◆ **YOUR INSTRUCTIONS**
For every entry that follows, return the words exactly and omit any picture.

** Opening LISTED ENTRIES block **

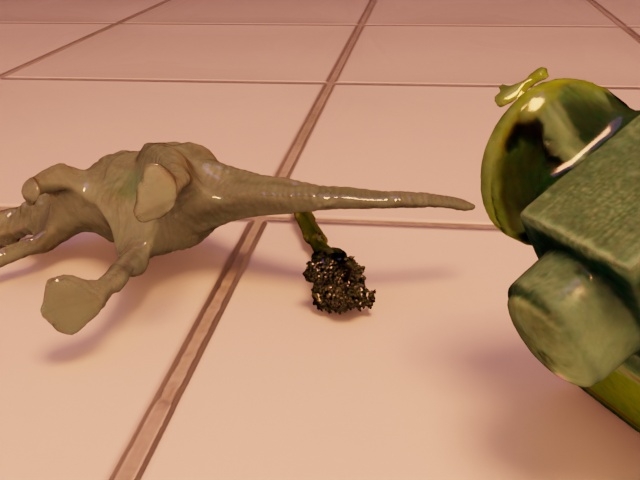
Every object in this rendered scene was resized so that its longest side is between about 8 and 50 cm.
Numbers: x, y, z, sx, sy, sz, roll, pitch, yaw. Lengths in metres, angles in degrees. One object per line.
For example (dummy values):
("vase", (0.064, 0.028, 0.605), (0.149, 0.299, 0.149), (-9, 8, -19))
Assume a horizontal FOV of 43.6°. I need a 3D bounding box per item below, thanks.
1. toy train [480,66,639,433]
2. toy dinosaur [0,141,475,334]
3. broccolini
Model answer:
("toy train", (0.209, -0.018, 0.373), (0.272, 0.188, 0.159), (-39, 33, -7))
("toy dinosaur", (-0.097, -0.022, 0.544), (0.393, 0.092, 0.205), (-13, 13, 4))
("broccolini", (0.001, 0.000, 0.607), (0.042, 0.044, 0.218), (-18, 20, -1))
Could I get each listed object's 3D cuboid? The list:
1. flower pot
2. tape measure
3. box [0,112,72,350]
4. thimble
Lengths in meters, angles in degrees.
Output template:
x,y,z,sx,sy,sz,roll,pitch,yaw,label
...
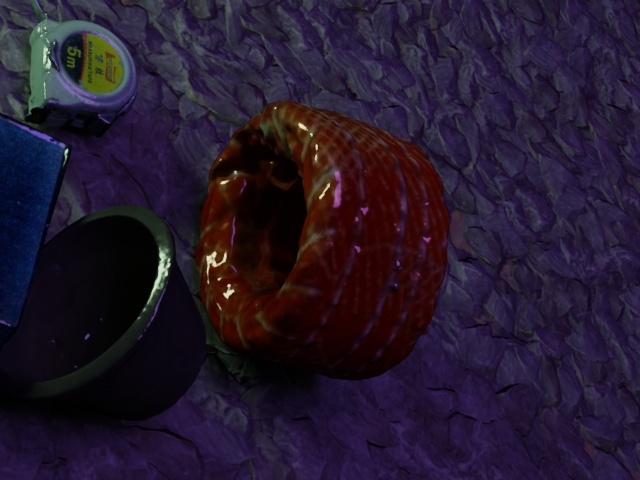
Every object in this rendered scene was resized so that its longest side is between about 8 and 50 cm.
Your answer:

** Closing LISTED ENTRIES block **

◆ **THE COMPLETED TASK**
Every object in this rendered scene was resized so that its longest side is between about 8 and 50 cm.
Numbers: x, y, z, sx, sy, sz, roll, pitch, yaw. Lengths in metres, angles in degrees. One object per line.
For example (dummy values):
("vase", (0.064, 0.028, 0.605), (0.149, 0.299, 0.149), (-9, 8, -19))
Assume a horizontal FOV of 43.6°. I need a 3D bounding box per item below, thanks.
1. toy train [480,66,639,433]
2. toy dinosaur [0,141,475,334]
3. broccolini
Model answer:
("toy train", (0.209, -0.018, 0.373), (0.272, 0.188, 0.159), (-39, 33, -7))
("toy dinosaur", (-0.097, -0.022, 0.544), (0.393, 0.092, 0.205), (-13, 13, 4))
("broccolini", (0.001, 0.000, 0.607), (0.042, 0.044, 0.218), (-18, 20, -1))
Could I get each listed object's 3D cuboid? The list:
1. flower pot
2. tape measure
3. box [0,112,72,350]
4. thimble
Lengths in meters, angles in degrees.
Output template:
x,y,z,sx,sy,sz,roll,pitch,yaw,label
...
Every object in this rendered scene was resized so that its longest side is between about 8 and 50 cm.
Your answer:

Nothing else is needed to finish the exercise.